Detectives are unsure of a motive, Trundle said.

Officers searched Hyre’s home Wednesday afternoon.

Hyre, who works for Giant Eagle, will be arraigned at 9 a.m. today in Akron Municipal Court.

Police say Bonnie Hyre is not expected to be charged.

The Children Services Board has not previously been involved with the Hyre family. the agency is now working with police and doctors, Humble said.

“It just breaks my heart for these children,” she said.

Kelsey, who will be in CBS custody when she is released from the hospital, was listed in satisfactory condition at Children’s Wednesday afternoon.

Steiner said the girl underwent surgery Saturday to bring a piece of her spine back into alignment.  But he said there is no known medical procedure to fuse a severed spine.

“There is no way for that cord to repair itself,” the doctor said.

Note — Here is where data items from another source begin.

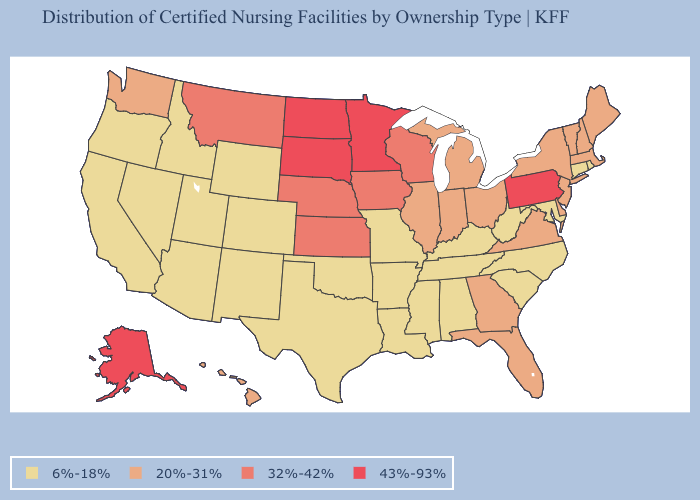What is the highest value in the South ?
Concise answer only. 20%-31%. Which states have the lowest value in the South?
Concise answer only. Alabama, Arkansas, Kentucky, Louisiana, Maryland, Mississippi, North Carolina, Oklahoma, South Carolina, Tennessee, Texas, West Virginia. Among the states that border North Carolina , which have the lowest value?
Concise answer only. South Carolina, Tennessee. Among the states that border Massachusetts , which have the highest value?
Concise answer only. New Hampshire, New York, Vermont. Does Alaska have the highest value in the USA?
Quick response, please. Yes. What is the value of Montana?
Give a very brief answer. 32%-42%. Name the states that have a value in the range 32%-42%?
Keep it brief. Iowa, Kansas, Montana, Nebraska, Wisconsin. What is the lowest value in the MidWest?
Concise answer only. 6%-18%. How many symbols are there in the legend?
Answer briefly. 4. What is the value of Illinois?
Concise answer only. 20%-31%. How many symbols are there in the legend?
Quick response, please. 4. Does Washington have the highest value in the West?
Quick response, please. No. Name the states that have a value in the range 6%-18%?
Keep it brief. Alabama, Arizona, Arkansas, California, Colorado, Connecticut, Idaho, Kentucky, Louisiana, Maryland, Mississippi, Missouri, Nevada, New Mexico, North Carolina, Oklahoma, Oregon, Rhode Island, South Carolina, Tennessee, Texas, Utah, West Virginia, Wyoming. What is the value of Kansas?
Write a very short answer. 32%-42%. Which states have the highest value in the USA?
Concise answer only. Alaska, Minnesota, North Dakota, Pennsylvania, South Dakota. 
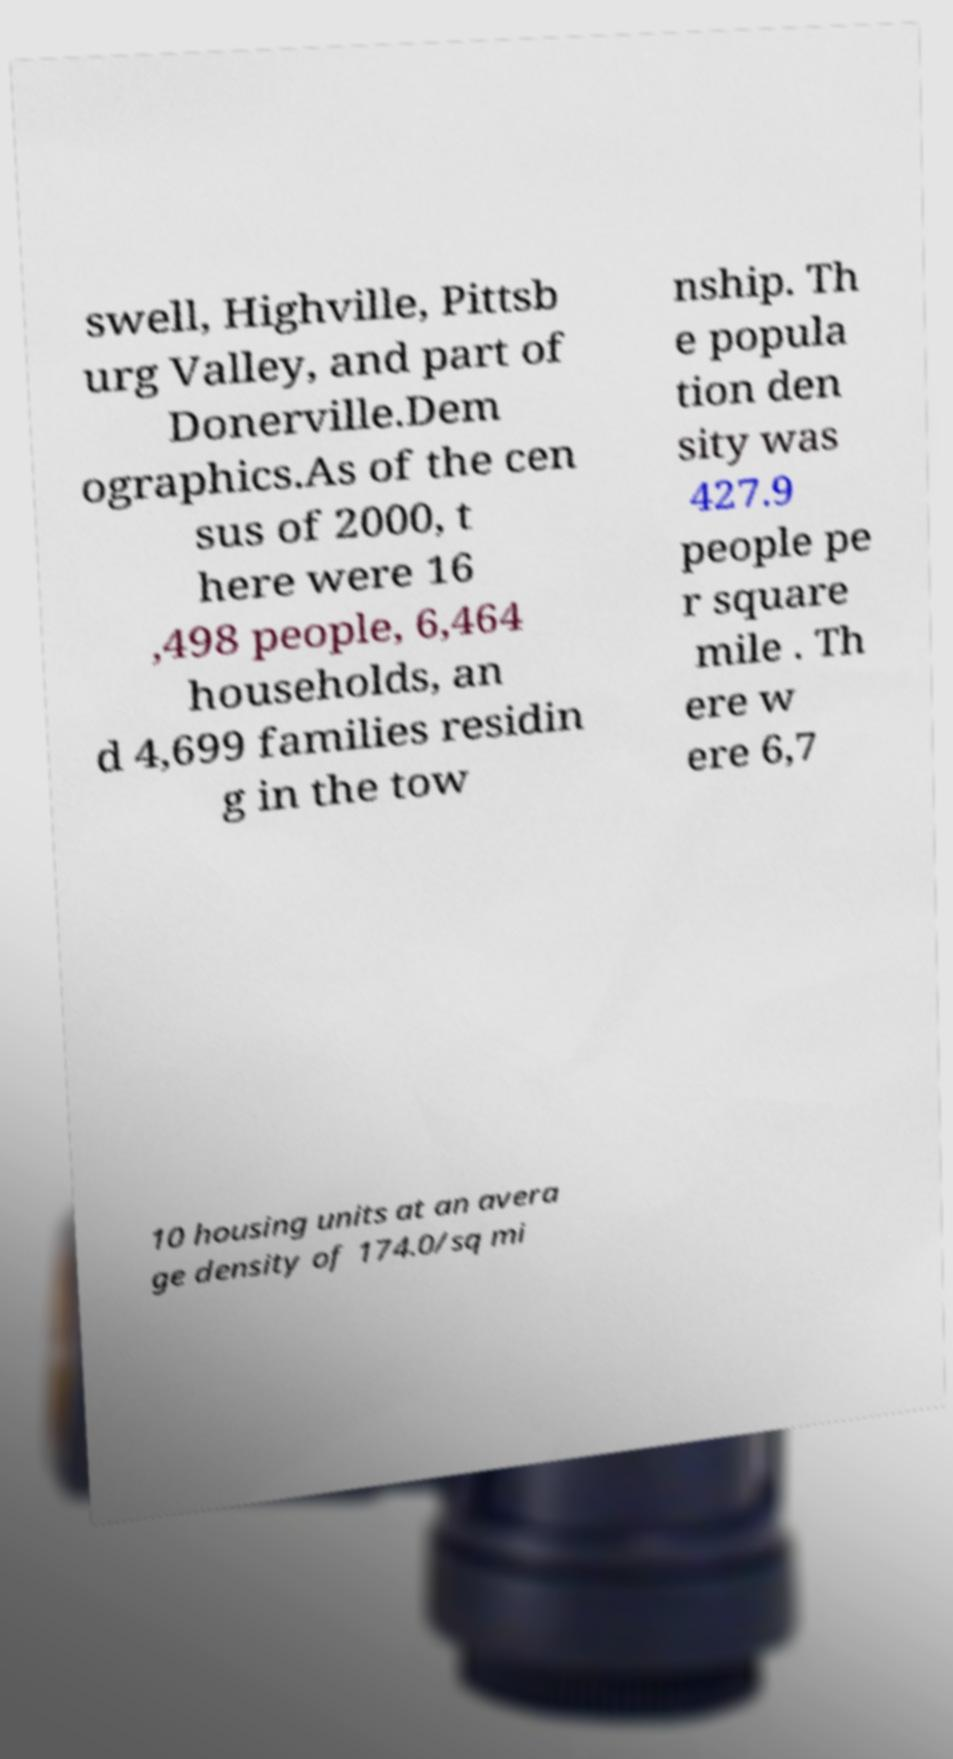What messages or text are displayed in this image? I need them in a readable, typed format. swell, Highville, Pittsb urg Valley, and part of Donerville.Dem ographics.As of the cen sus of 2000, t here were 16 ,498 people, 6,464 households, an d 4,699 families residin g in the tow nship. Th e popula tion den sity was 427.9 people pe r square mile . Th ere w ere 6,7 10 housing units at an avera ge density of 174.0/sq mi 
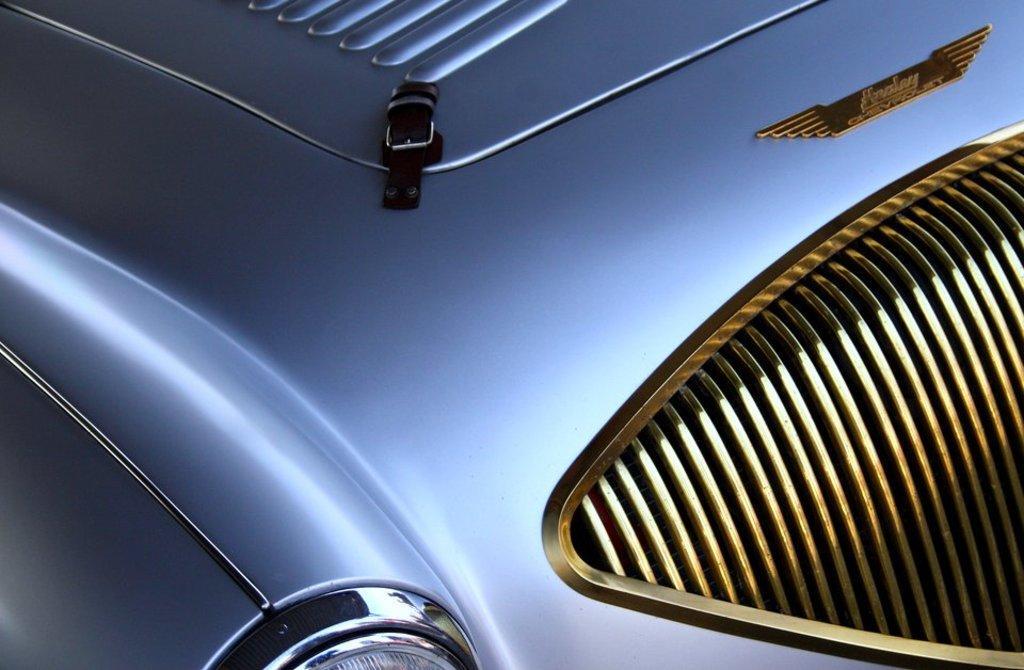Can you describe this image briefly? In this image I can see a part of a car. At the bottom of the image I can see the light.

Kelsey will remain at Children’s for several days and will then be transferred to a rehabilitation center. Steiner said she will probably be confined to a wheelchair for the rest of her life.

Despite her ordeal, Steiner said Kelsey is “in great spirits” and called her “a real cutie.” When he visited her Wednesday afternoon, she was smiling and playing.

“Her legs will be paralyzed, but at this point, her personality is bubbly and wonderful,” he said.